BEGIN

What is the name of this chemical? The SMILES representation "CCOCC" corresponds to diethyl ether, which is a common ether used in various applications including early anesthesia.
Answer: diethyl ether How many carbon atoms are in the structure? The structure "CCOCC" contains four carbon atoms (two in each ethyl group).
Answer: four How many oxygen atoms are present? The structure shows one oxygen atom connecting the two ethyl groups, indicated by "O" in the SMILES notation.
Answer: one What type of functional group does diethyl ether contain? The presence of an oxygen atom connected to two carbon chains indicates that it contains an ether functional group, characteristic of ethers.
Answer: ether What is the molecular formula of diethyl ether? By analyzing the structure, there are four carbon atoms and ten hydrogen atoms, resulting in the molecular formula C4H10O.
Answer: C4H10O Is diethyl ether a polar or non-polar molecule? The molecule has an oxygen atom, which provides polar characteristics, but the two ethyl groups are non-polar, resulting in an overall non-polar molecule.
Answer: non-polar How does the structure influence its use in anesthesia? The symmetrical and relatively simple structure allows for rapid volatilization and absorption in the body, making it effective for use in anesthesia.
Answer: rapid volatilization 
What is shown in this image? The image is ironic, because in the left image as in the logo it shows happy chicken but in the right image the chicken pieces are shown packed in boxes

END
BEGIN

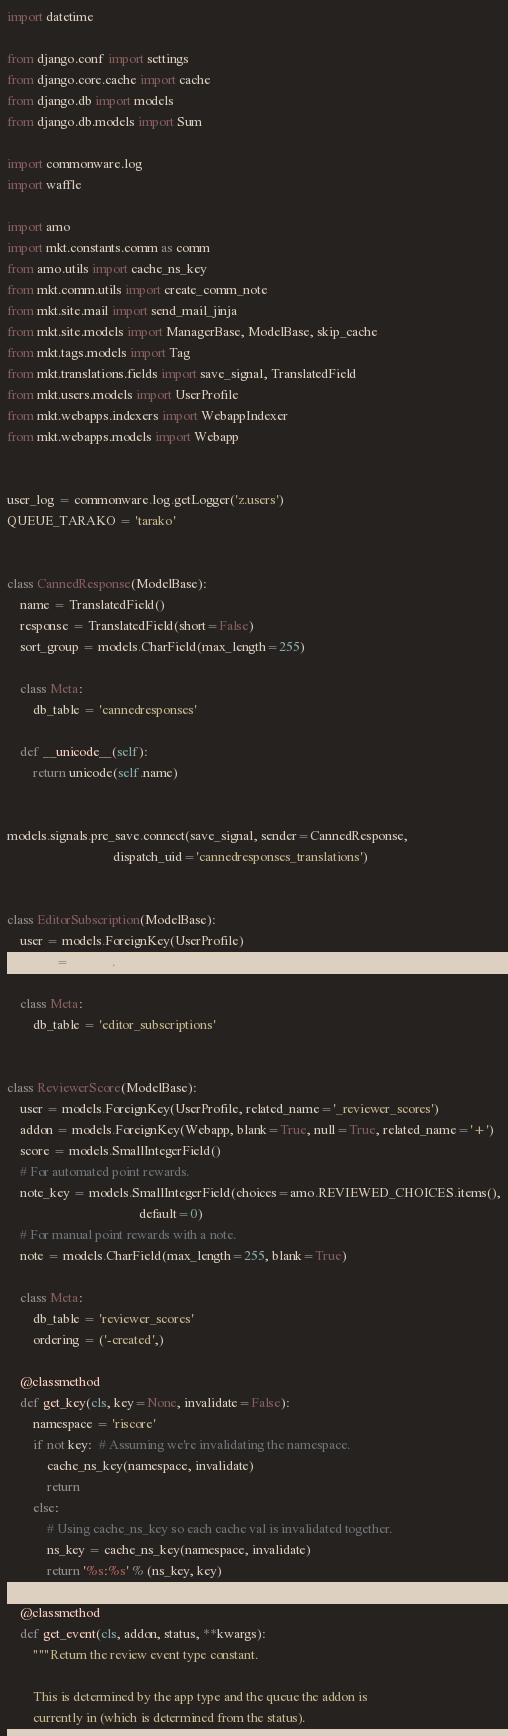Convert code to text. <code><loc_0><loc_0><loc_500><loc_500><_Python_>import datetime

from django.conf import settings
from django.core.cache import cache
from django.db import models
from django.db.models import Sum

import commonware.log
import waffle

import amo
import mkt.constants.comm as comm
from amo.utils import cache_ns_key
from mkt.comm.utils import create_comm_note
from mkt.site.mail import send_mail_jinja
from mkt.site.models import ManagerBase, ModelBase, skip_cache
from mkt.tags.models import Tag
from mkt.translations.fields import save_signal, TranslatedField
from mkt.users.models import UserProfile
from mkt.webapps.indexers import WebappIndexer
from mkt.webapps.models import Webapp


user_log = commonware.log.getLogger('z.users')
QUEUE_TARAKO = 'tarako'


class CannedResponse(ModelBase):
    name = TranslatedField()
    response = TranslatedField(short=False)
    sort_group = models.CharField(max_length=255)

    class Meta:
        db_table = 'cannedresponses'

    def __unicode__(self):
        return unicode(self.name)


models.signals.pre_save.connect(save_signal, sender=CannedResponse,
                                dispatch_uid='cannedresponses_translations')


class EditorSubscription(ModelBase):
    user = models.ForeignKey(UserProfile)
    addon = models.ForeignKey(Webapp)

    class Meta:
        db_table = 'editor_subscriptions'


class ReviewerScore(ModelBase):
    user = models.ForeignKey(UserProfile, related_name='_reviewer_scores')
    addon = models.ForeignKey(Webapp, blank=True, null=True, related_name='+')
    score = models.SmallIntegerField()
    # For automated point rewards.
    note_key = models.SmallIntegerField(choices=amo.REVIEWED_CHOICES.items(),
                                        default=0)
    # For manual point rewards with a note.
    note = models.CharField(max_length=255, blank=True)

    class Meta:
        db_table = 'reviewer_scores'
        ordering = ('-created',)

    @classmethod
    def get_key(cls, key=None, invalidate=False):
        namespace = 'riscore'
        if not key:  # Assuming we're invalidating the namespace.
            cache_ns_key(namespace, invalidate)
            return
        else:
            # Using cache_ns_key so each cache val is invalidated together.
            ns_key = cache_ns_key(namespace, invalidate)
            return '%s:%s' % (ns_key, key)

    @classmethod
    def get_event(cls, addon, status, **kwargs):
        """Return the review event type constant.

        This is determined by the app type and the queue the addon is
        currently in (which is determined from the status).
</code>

END
BEGIN

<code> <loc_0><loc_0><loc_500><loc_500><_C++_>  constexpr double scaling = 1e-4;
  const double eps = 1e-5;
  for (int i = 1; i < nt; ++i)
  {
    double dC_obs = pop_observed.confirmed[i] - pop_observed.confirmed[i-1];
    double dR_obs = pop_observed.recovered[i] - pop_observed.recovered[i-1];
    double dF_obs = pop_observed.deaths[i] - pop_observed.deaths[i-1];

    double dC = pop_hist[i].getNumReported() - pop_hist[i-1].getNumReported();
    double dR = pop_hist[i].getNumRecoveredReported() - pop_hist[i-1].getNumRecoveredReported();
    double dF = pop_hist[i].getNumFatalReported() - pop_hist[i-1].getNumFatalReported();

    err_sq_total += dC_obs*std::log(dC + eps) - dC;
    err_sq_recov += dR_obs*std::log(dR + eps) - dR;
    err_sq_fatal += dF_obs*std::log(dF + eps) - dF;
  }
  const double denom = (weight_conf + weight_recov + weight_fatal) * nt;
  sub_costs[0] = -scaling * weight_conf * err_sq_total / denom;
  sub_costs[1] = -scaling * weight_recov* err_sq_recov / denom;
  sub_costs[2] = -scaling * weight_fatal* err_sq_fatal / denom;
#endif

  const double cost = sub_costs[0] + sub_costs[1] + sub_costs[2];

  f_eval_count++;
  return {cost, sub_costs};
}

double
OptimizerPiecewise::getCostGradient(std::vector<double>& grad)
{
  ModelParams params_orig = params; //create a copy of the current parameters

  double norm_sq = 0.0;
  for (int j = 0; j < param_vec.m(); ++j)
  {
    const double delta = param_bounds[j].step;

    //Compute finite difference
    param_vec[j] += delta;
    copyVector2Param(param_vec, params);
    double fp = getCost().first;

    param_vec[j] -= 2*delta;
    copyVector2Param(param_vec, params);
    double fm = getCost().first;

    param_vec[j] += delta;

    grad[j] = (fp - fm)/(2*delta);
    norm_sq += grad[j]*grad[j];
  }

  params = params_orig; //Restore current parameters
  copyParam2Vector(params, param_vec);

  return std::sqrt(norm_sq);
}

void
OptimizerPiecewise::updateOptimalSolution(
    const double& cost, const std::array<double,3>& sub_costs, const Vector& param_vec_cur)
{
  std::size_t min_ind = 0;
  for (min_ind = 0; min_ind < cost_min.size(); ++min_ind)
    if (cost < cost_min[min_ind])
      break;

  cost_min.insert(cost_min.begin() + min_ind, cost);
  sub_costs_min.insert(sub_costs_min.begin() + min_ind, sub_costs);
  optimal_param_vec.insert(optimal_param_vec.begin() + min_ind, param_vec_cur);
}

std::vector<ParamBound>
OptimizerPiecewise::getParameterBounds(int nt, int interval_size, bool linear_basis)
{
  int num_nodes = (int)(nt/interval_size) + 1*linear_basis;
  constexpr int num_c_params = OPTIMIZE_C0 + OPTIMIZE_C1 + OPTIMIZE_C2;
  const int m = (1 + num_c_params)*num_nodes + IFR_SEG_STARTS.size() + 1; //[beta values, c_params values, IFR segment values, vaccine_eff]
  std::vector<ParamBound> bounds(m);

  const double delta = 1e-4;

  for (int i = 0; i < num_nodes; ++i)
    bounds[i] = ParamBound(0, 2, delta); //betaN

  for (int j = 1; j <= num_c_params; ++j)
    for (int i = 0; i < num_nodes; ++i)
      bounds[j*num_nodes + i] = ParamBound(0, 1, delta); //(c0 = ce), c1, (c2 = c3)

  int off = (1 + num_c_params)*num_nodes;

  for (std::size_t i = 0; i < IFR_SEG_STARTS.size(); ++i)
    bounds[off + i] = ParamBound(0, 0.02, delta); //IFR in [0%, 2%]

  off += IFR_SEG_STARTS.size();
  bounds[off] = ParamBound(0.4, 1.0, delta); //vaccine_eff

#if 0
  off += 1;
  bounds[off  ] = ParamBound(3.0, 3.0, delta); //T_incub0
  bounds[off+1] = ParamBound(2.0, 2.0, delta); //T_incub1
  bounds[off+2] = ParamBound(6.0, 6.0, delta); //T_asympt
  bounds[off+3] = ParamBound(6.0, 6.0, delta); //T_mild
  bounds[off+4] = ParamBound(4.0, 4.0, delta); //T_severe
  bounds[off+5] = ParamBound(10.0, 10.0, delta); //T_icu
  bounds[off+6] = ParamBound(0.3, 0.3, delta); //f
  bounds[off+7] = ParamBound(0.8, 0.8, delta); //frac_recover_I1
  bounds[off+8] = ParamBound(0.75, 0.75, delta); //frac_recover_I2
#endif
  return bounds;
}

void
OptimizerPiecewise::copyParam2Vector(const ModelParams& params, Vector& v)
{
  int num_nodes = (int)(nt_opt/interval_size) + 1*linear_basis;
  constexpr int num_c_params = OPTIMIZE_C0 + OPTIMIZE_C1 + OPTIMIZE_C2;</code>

END

Exercise: Your answer must be the lines above from the one containing "What is the name" to the one containing "Answer: four How", both included, restated word for word.

Answer space:
What is the name of this chemical? The SMILES representation "CCOCC" corresponds to diethyl ether, which is a common ether used in various applications including early anesthesia.
Answer: diethyl ether How many carbon atoms are in the structure? The structure "CCOCC" contains four carbon atoms (two in each ethyl group).
Answer: four How many oxygen atoms are present? The structure shows one oxygen atom connecting the two ethyl groups, indicated by "O" in the SMILES notation.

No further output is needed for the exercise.